Cannibal ! The Musical (1993 – Trey Parker) Par Clément Arbrun
Club VHS : Cannibal ! The musical

Fait d'exception : malgré sa séquence d'ouverture sanglante (un pied de nez, en fait), voici un trauma qui n'a quasiment rien à voir avec le monde de Lloyd Kaufman. 


À dire vrai, pour concevoir Cannibal ! The Musical à sa juste valeur, il faut l'étudier comme le Reservoir Dogs / Sang pour Sang / Bound du duo Trey Parker & Matt Stone, c'est-à-dire le premier chef-d'œuvre éminemment personnel, film d'auteur par excellence, d'indéniables génies. Extension d'un trailer qu'il réalise avec son pote Matt Stone durant leurs années en école de ciné, cette biographie ultra-romancée d'un des plus célèbres cannibales de l'Histoire est déjà une belle illustration de l'univers de Trey Parker. Et cet univers n'est pas seulement loufoque : il est musical. À quatorze ans, Trey Parker enregistre un album de rock parodique, esquissant le lien qu'il ne cessera de raffermir, de ce premier long au show de Broadway Book of Mormons, entre la conception de la musique et l'intensité du comique. Car, du récit d'Alfred Packer à Baseketball en passant par moult épisodes de South Park, le spectateur assiste à une exploration de la satire aussi régressive que transgressive, où - grotesque total - même la moindre chanson est en vérité un gag. 

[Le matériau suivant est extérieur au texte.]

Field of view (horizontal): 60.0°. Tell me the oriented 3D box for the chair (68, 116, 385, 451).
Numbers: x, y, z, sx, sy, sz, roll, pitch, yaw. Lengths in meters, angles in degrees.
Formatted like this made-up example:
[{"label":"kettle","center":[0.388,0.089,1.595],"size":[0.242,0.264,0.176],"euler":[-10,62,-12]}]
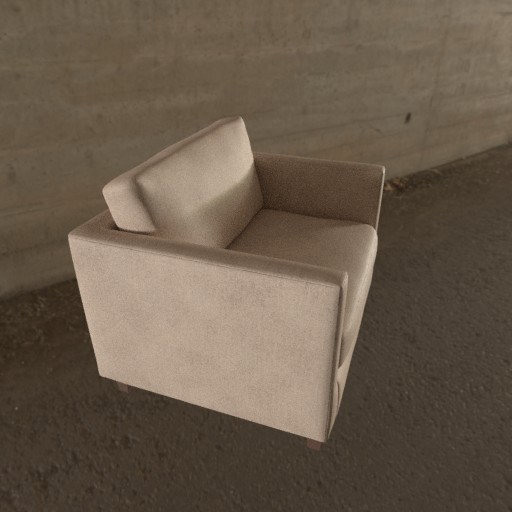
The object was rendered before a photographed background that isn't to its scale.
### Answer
[{"label":"chair","center":[0.000,0.000,1.899],"size":[0.959,0.961,1.133],"euler":[10,31,17]}]
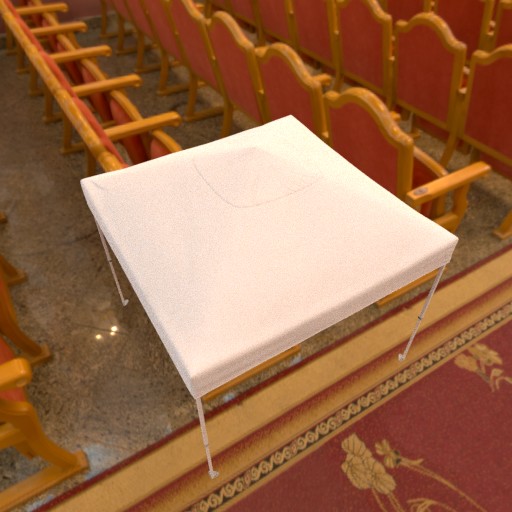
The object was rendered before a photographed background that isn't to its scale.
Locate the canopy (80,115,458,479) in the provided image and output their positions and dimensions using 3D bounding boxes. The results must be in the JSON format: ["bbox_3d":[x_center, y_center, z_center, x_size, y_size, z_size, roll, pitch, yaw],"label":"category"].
[{"bbox_3d":[0.000,0.000,5.323,2.996,2.997,2.998,-23,50,-21],"label":"canopy"}]
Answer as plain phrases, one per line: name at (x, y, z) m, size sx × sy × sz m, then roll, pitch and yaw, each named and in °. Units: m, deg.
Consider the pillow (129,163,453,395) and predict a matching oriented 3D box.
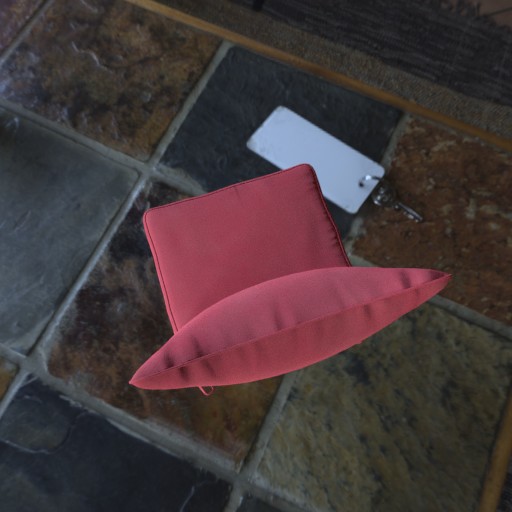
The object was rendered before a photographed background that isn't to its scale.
pillow at (0.000, 0.000, 1.392) m, size 0.798 × 0.725 × 0.733 m, roll -18°, pitch 75°, yaw -5°
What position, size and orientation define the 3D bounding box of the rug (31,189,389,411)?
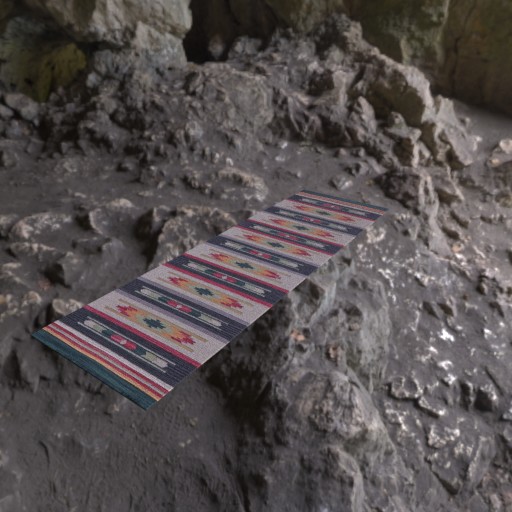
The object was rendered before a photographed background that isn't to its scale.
[{"bbox_3d":[0.000,0.000,2.682,0.760,0.009,2.440,18,33,31],"label":"rug"}]
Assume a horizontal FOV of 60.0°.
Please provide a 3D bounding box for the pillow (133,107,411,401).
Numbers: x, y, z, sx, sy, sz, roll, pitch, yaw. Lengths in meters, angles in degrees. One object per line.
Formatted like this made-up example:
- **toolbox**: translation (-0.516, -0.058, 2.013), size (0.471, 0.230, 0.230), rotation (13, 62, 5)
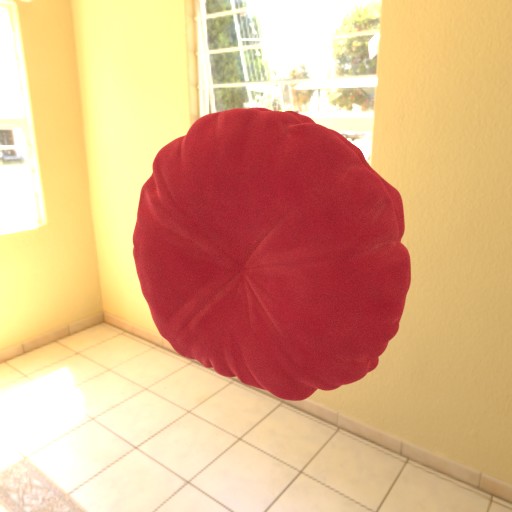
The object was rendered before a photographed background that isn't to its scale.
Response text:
- **pillow**: translation (0.000, 0.000, 0.640), size (0.428, 0.407, 0.148), rotation (9, 19, 26)
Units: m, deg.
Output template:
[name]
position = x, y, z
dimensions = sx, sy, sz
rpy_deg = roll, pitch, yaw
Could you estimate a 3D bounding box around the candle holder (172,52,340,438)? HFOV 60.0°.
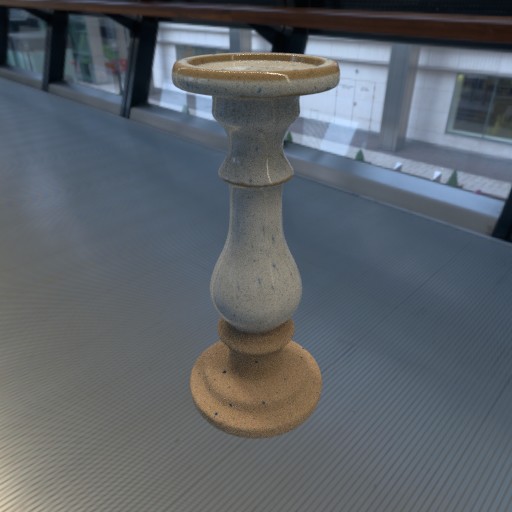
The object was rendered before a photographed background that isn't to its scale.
[candle holder]
position = 0.000, 0.000, 0.250
dimensions = 0.088, 0.203, 0.088
rpy_deg = 0, 30, 0
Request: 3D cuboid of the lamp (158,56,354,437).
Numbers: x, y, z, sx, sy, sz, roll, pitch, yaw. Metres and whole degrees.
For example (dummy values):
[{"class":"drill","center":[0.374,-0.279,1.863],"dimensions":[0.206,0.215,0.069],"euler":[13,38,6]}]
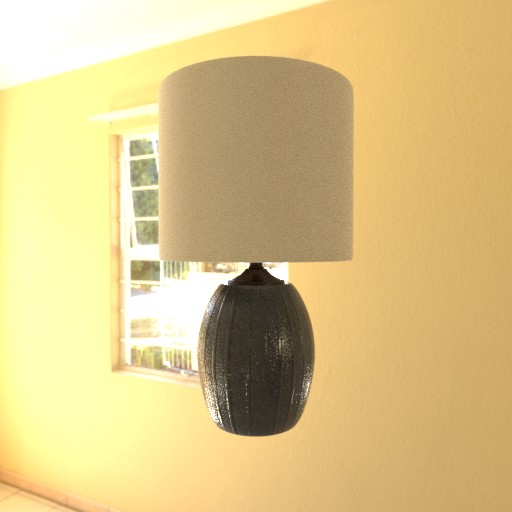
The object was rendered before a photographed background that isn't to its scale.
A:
[{"class":"lamp","center":[0.000,0.000,0.767],"dimensions":[0.329,0.570,0.329],"euler":[0,1,18]}]
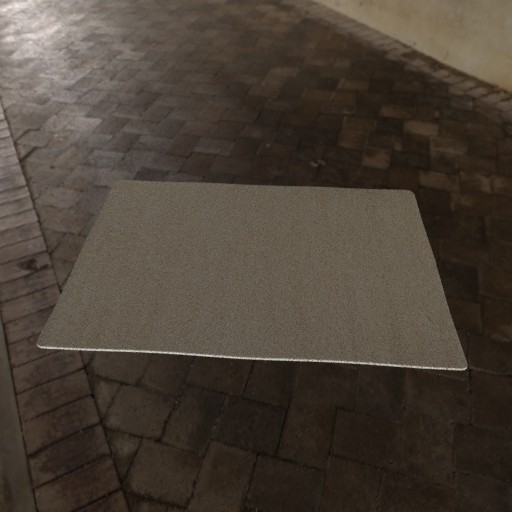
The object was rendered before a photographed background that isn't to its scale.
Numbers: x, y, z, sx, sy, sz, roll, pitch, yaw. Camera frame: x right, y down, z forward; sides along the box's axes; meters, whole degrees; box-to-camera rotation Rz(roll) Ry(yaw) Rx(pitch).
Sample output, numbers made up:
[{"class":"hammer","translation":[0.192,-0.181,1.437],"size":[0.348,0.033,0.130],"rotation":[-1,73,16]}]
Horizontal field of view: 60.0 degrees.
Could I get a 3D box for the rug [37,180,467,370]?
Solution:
[{"class":"rug","translation":[0.000,0.000,3.383],"size":[2.698,0.025,1.798],"rotation":[2,45,2]}]
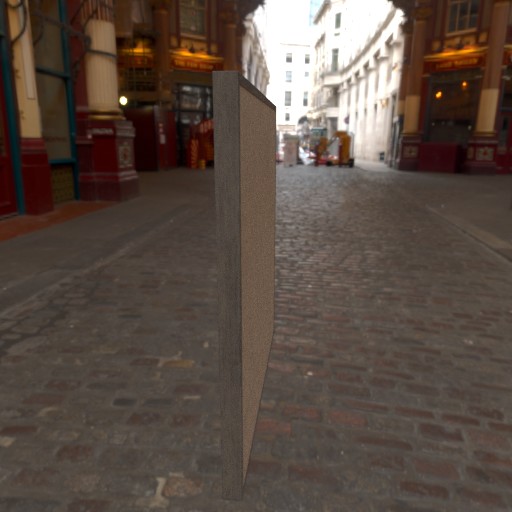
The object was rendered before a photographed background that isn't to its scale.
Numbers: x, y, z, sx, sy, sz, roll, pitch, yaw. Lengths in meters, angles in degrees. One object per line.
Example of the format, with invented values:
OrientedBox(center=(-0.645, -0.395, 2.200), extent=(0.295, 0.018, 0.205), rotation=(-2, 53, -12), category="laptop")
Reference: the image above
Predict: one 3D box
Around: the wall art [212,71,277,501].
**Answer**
OrientedBox(center=(0.000, 0.000, 1.112), extent=(0.038, 0.762, 0.762), rotation=(2, 15, 7), category="wall art")

Un décalage forcé, surligné, pour ainsi dire cartoonesque, des gammes de chant employées aux expressions des acteurs, surjouant joyeusement, mais sans pour autant renier l'importance de la chorégraphie. À travers la musique, Parker ne choisit pas simplement de travestir l'Histoire par le sous-entendu grivois (When I was on top of you ), le non-sens pythonesque (Shpadoinkle !) ou la débilité pure (Let's Build a Snowman), mais, en optant pour un synopsis incongru lui-même inspiré d'un événement source de fantasmes, il use avec force ironie de multiples morceaux sans queue ni tête afin de distordre une réalité d'emblée chimérique, trop folle pour être vraie, allégorie (l'oncle Sam des grandes espérances devenu cannibale) qui ne demande qu'à être pastichée. Comme Pain and Gain, Cannibal ! The Musical traite du rêve américain et joue le jeu du based on a true story en déformant le plus possible ce réel par le biais d'idées saugrenues. Et en dépeignant ainsi une petite communauté minable – mineurs et trappeurs venus goûter à la ruée vers l'or – l'irrévérencieux duo préfigure le pathétique qui sera celui d'un Randy Marsh, tout en jouant de la mise en abyme. Ces ploucs en quête de richesses, ne serait-ce pas nos créateurs en question ? Et ce zombie agressif qui ne veut pas crever, ne serait-ce pas Hollywood, cet objet exterminateur raillé via Your studio and you (un spot parodique commandé par David Zucker himself), Orgazmo et Team America ? 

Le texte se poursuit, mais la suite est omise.